**Exercise**
Reproduce word for word the lines between those holding "Answer yes or no. Yes. Does Navy Blue have the minimum" and "Answer yes or no. Yes. Is Navy", inclusive, and nothing else from the data below.

**Supplied material**
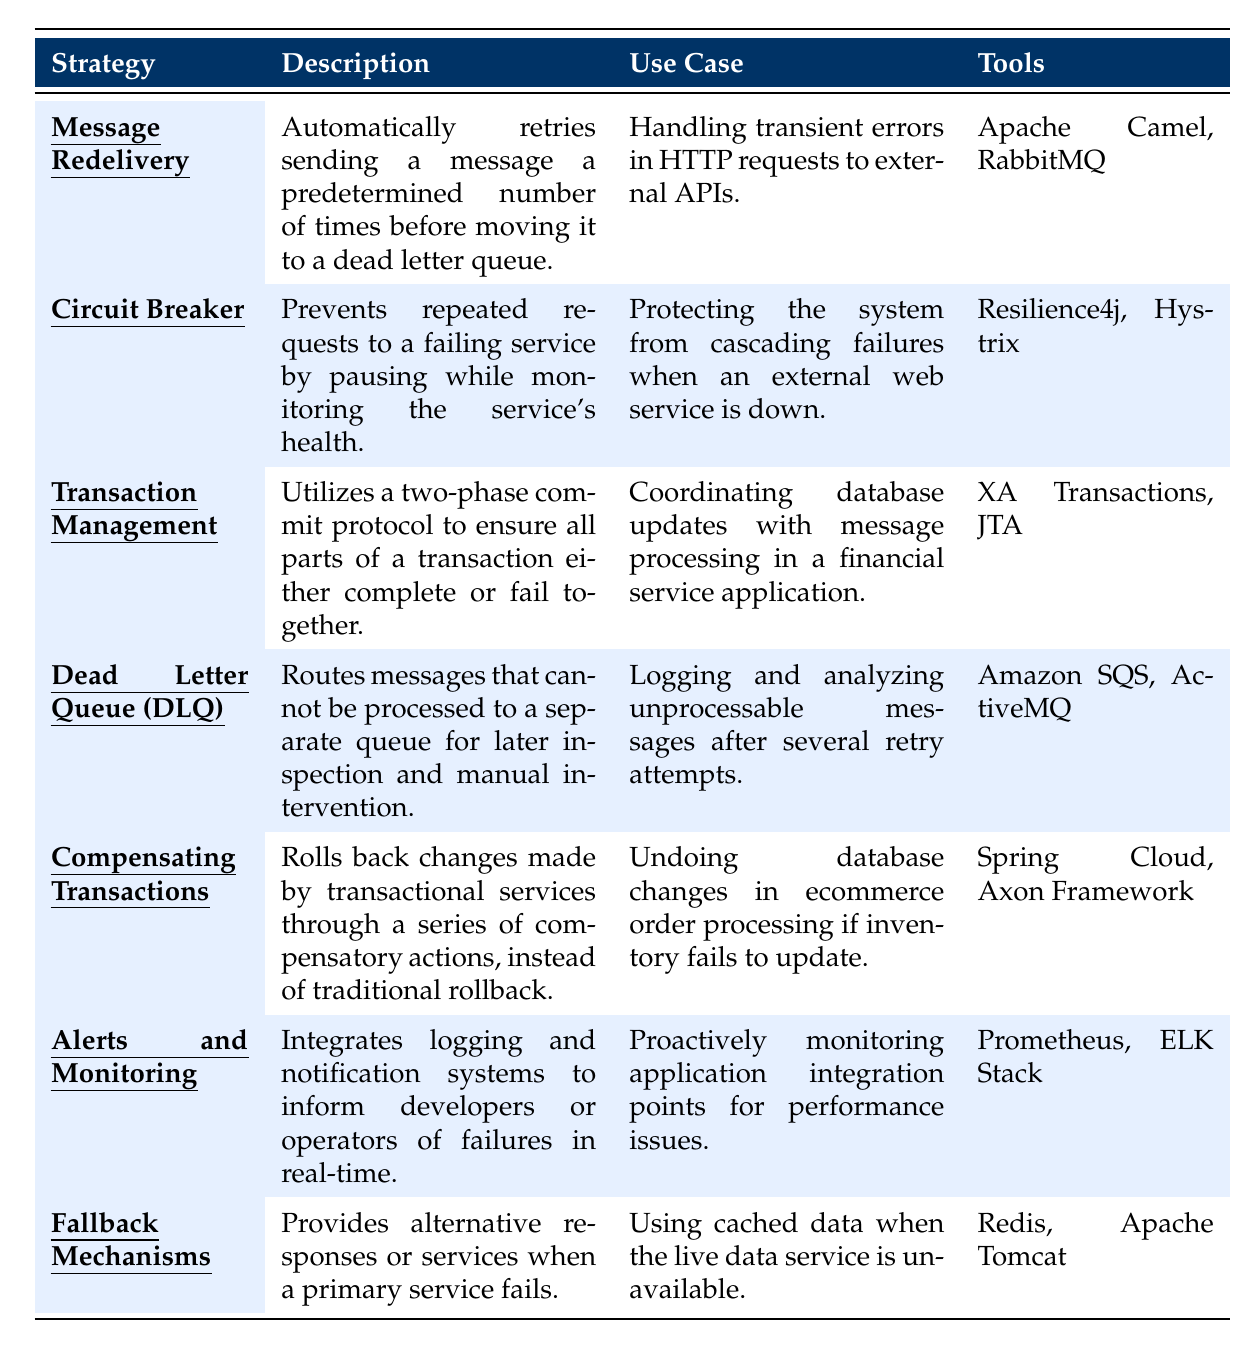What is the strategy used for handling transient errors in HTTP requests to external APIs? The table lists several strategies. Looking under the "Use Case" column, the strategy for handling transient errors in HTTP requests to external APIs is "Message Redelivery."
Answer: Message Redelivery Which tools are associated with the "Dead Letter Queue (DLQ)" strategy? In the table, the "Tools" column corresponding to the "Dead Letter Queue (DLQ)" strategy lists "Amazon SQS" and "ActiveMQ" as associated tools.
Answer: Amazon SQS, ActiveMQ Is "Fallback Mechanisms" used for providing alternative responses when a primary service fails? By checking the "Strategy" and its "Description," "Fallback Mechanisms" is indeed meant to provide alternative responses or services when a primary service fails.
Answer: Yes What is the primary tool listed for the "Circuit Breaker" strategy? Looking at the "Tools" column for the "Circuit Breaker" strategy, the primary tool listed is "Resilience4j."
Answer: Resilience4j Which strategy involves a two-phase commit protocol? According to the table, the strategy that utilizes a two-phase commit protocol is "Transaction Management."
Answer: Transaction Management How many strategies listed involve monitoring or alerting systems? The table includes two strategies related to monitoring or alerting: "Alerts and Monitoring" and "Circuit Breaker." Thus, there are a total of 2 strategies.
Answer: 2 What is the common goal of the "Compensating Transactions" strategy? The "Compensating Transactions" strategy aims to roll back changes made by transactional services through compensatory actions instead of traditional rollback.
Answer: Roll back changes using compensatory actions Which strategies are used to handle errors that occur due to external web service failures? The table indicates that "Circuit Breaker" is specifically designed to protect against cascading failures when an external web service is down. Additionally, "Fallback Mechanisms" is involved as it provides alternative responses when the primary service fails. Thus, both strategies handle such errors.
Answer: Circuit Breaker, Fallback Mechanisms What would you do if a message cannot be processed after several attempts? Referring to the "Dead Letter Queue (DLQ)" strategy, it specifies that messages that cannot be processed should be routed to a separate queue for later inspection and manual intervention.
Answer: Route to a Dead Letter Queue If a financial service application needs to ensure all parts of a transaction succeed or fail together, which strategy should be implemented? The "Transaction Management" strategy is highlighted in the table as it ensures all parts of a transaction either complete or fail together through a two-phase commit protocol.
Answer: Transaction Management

==

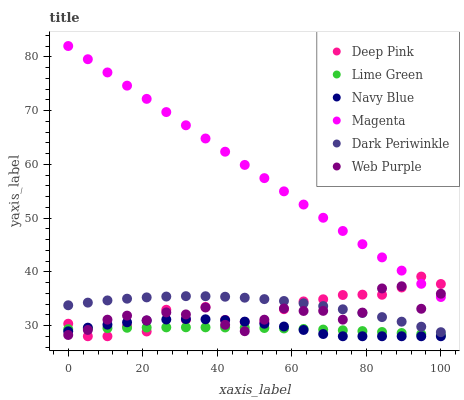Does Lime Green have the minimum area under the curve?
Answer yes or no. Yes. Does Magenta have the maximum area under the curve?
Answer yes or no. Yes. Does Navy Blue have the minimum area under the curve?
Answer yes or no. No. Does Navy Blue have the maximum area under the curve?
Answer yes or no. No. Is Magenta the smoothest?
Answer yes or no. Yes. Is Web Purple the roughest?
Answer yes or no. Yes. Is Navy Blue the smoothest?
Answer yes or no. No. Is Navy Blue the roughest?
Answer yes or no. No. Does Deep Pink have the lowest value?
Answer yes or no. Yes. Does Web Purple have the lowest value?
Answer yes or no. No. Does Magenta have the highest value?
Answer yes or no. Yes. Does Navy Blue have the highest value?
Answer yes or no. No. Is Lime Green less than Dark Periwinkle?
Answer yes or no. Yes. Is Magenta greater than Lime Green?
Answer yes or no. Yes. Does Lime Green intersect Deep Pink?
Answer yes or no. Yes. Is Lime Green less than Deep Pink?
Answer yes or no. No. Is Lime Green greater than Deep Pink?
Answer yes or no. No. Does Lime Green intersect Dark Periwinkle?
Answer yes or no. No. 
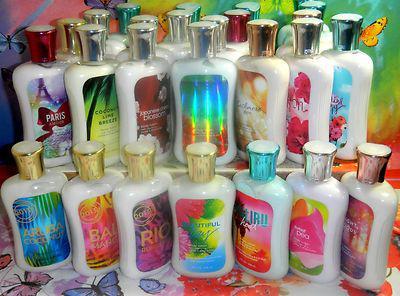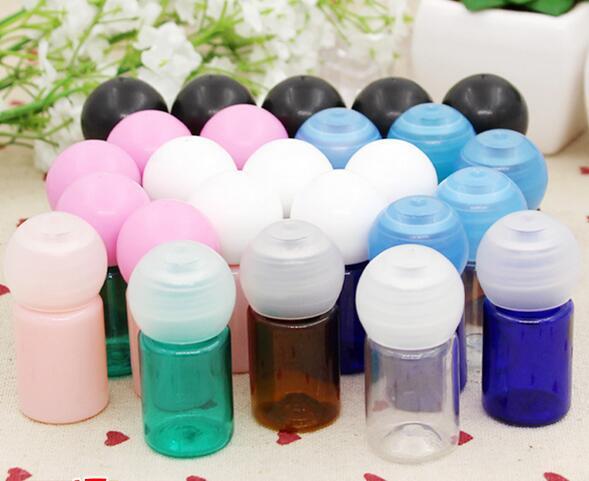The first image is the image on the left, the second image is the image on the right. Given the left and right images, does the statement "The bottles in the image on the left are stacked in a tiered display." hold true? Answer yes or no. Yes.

**Response to this task**
Answer yes or no. Yes. Does Navy Blue have the minimum area under the curve?
Answer yes or no. No. Does Navy Blue have the maximum area under the curve?
Answer yes or no. No. Is Magenta the smoothest?
Answer yes or no. Yes. Is Web Purple the roughest?
Answer yes or no. Yes. Is Navy Blue the smoothest?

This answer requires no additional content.